=== Goal of the exercise ===
Print the data below exactly, but only the lines from the one containing "3D boxes, please, one" down to the one containing "12. snack bag [481, 0, 570, 78]", inclusive.

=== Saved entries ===

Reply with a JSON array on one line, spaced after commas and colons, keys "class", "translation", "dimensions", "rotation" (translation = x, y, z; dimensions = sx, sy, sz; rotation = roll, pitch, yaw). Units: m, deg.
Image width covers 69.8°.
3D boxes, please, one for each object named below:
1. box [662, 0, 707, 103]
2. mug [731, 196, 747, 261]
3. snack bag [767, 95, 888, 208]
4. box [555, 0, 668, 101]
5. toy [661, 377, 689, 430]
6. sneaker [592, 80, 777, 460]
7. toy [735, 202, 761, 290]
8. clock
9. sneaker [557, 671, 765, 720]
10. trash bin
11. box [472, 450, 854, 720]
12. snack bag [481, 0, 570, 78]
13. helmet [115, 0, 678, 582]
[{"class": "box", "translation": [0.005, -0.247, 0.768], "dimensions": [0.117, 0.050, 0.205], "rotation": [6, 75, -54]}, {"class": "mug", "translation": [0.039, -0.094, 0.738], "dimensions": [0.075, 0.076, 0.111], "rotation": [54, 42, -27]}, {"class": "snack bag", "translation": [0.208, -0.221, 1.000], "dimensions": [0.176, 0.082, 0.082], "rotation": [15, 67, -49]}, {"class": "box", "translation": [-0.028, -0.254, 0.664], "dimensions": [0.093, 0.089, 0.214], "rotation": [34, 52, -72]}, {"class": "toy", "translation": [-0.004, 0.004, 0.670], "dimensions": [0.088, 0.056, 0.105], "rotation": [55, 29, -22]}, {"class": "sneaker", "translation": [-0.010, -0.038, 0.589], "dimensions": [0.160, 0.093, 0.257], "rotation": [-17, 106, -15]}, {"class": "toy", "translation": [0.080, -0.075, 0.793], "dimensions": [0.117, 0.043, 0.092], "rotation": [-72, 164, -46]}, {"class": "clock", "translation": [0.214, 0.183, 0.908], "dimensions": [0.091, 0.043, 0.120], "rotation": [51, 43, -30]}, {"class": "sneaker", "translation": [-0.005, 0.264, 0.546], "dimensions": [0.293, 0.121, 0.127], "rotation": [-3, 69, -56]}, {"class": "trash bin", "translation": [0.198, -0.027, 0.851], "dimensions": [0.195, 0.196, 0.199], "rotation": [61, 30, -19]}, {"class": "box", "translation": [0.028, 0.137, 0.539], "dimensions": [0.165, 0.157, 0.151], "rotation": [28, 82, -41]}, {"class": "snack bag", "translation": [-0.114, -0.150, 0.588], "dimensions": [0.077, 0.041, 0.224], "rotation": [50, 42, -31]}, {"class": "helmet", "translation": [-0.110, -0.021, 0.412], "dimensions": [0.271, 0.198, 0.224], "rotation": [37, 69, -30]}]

=== Exercise result ===
3D boxes, please, one for each object named below:
1. box [662, 0, 707, 103]
2. mug [731, 196, 747, 261]
3. snack bag [767, 95, 888, 208]
4. box [555, 0, 668, 101]
5. toy [661, 377, 689, 430]
6. sneaker [592, 80, 777, 460]
7. toy [735, 202, 761, 290]
8. clock
9. sneaker [557, 671, 765, 720]
10. trash bin
11. box [472, 450, 854, 720]
12. snack bag [481, 0, 570, 78]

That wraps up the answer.